Steven I. Fleishman - Wolfe Research, LLC:
So this might be for Gary. Just in terms of your balance sheet and credit metrics, where would you say you are right now? And would you say you've got a decent amount of room to maybe even either stay where you are or add leverage where you are if you see kind of another round of opportunities beyond what you're already doing?
Gary L. Whitlock:
Steve, it's a good question. We do have some financial flexibility. As you know, we worked a number of years to ensure we had that financial flexibility. As I gave you in our earnings guidance, we -- even with our capital program this year, our share count will remain the same. To the extent we have significant capital above and beyond, we could certainly raise equity. We'd love to have the opportunity for even a larger transaction to do so. But having said that, the short answer is yes, we do have some leverage capacity, and we'll use it judiciously. But our credit ratings are important to us, and we're going to, obviously, always do the things to defend those. But we're going to do those in a very thoughtful way, and we do have capacity.
Steven I. Fleishman - Wolfe Research, LLC:
Okay. And just -- sorry to harp on this transmission line question, who was the other party? You might have said this and I missed it.
Gary L. Whitlock:
There were 2 other parties designated by the Texas Municipal Power Agency, and they were the city of Garland, Texas; and Cross Texas Transmission company.

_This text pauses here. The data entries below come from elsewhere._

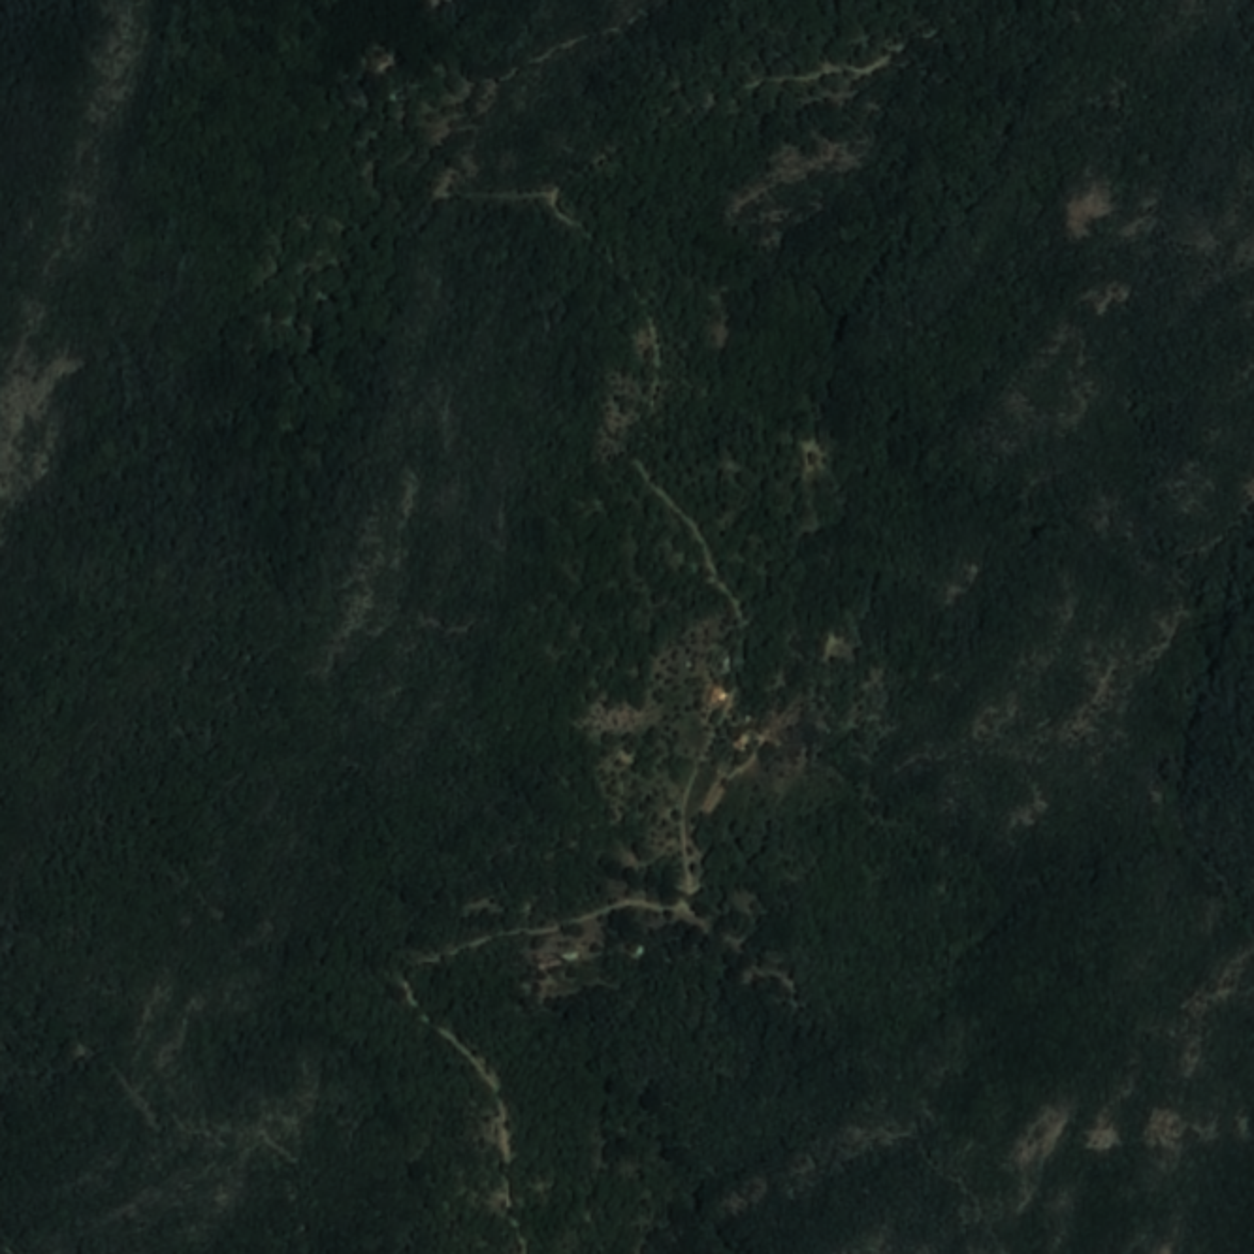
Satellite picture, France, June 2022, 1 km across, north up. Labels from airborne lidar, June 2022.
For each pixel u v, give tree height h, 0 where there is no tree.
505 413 6
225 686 13
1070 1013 9
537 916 9
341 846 9
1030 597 7
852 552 10
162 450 12
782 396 17
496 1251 7
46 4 11
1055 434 7
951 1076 6
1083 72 7
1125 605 7
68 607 16
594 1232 12
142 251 13
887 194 13
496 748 12
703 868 10
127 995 7
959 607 9
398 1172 11
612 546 10
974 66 15
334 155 16
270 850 6
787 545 10
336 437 16
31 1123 11
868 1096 10
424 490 6
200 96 22
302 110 8
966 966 11
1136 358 10
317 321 19
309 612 10
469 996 12
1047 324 9
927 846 11
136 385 8
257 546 14
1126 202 9
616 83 17
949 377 16
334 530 10
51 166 8
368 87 19
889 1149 7
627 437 7
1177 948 5
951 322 14
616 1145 11
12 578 11
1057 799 6
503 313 6
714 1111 10
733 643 10
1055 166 10
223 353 13
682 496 10
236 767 15
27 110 12
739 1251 8
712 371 11
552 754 9
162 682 12
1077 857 12
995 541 8
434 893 10
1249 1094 6
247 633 16
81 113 7
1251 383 8
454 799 8
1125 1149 6
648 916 7
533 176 9
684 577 9
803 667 6
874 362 13
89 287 10
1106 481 9
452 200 9
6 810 15
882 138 11
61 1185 7
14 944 12
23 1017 14
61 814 14
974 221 9
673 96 14
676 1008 11
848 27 15
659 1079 6
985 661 7
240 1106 7
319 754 9
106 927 11
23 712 16
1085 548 11
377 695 6
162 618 8
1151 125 12
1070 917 11
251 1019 9
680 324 8
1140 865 12
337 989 11
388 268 12
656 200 13
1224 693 7
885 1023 10
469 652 10
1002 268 13
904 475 10
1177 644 12
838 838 9
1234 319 7
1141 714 13
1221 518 7
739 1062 8
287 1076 5
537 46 7
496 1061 10
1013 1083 9
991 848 12
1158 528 11
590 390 15
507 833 8
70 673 19
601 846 11
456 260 9
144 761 18
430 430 7
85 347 8
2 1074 10
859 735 11
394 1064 12
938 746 6
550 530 13
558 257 9
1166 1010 9
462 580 6
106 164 6
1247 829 6
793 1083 9
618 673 12
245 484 11
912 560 8
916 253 15
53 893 17
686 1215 14
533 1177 8
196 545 11
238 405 8
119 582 17
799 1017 12
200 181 23
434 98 9
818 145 10
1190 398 10
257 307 7
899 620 10
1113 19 11
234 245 8
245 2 22
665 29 19
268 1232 10
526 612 12
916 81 15
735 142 10
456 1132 9
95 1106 6
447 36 17
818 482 8
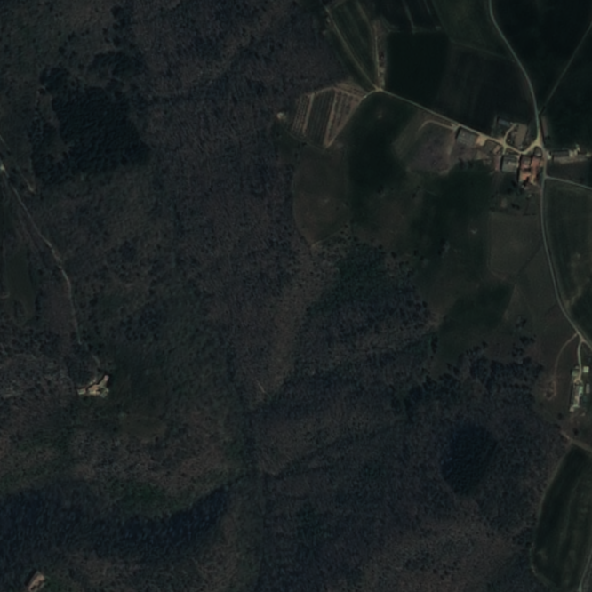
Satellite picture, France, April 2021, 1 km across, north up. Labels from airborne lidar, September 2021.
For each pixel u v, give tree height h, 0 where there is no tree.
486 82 0
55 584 8
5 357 8
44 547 16
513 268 0
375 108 0
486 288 0
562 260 0
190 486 7
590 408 0
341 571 8
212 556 7
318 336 9
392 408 7
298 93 6
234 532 14
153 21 6
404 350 11
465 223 0
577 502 0
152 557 14
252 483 11
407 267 12
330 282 9
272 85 11
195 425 18
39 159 12
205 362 12
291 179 11
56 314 13
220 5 14
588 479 0
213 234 8
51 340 14
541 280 0
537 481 11
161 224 21
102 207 14
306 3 0
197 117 7
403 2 0
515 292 0
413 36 0
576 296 0
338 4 0
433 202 0
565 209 0
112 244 6
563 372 0
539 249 0
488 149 0
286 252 7
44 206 10
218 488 15
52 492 20
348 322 9
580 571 0
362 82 0
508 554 12
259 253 9
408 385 14
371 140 0
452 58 0
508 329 0
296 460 11
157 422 0
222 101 8
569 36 0
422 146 0
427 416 11
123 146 21
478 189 0
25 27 6
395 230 0
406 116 0
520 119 0
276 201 11
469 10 0
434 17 0
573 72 0
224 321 7
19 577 12
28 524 20
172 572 10
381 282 12
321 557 17
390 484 11
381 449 6
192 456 13
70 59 7
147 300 11
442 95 0
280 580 19
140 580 11
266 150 8
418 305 6
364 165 0
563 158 0
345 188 0
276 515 16
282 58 7
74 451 6
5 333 10
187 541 18
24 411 14
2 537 20
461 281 0
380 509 8
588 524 0
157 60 6
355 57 0
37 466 12
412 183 0
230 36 7
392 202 0
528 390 11
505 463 11
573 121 0
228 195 12
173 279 20
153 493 12
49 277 9
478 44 0
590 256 0
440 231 0
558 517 0
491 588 11
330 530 8
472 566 6
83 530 20
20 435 15
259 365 6
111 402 0
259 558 18
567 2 0
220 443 20
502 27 0
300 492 9
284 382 6
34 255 15
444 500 12
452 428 13
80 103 20
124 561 9
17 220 12
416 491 11
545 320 0
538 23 0
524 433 15
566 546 0
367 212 0
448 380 15
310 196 0
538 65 0
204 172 7
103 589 8
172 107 7
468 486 24
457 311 0
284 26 6
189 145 8
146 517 17
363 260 13
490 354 0
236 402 21
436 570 7
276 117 0
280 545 17
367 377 7
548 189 0
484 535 6
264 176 11
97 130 18
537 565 0
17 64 7
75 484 18
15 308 7
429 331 7
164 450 11
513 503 14
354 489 6
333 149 0
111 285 7
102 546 20
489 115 0
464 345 0
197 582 15
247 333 10
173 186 9
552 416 0
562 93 0
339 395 13
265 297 7
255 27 12
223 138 6
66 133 16
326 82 9
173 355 9
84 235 10
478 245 0
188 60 9
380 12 0
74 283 10
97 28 12
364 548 10
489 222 0

Steven I. Fleishman - Wolfe Research, LLC:
Okay. So they would be -- the both of them together would be the other party, essentially?
Gary L. Whitlock:
Correct.
Steven I. Fleishman - Wolfe Research, LLC:
Okay. And if you got all of this, you would get all the $600 million?
Gary L. Whitlock:
$600 million, less the cost of upgrading the intermediate substation, which is called Gibbons Creek. That's approximately $10 million.
Steven I. Fleishman - Wolfe Research, LLC:
Okay, okay. I guess, I remember a number of like $390 million at one point from you, but that might have been something different.
Scott M. Prochazka:
Steve, at one point, we were looking at a series of potential projects that could be selected. And the range of projects at the time had costs that went from, on the low end, probably, the $390 million up to even above $600 million. So that created variability. And then there's just then this issue around what the split would be of the investment was another aspect of variability in there. So $390 million was probably a viable number for one of the options at one point in the process.
Carla Kneipp:
At this time, we do not have any additional questions. We will end the call. Thank you very much for participating today. We appreciate your support, and have a nice day.
Operator:
This concludes CenterPoint Energy's first quarter 2014 earnings conference call. Thank you for your participation.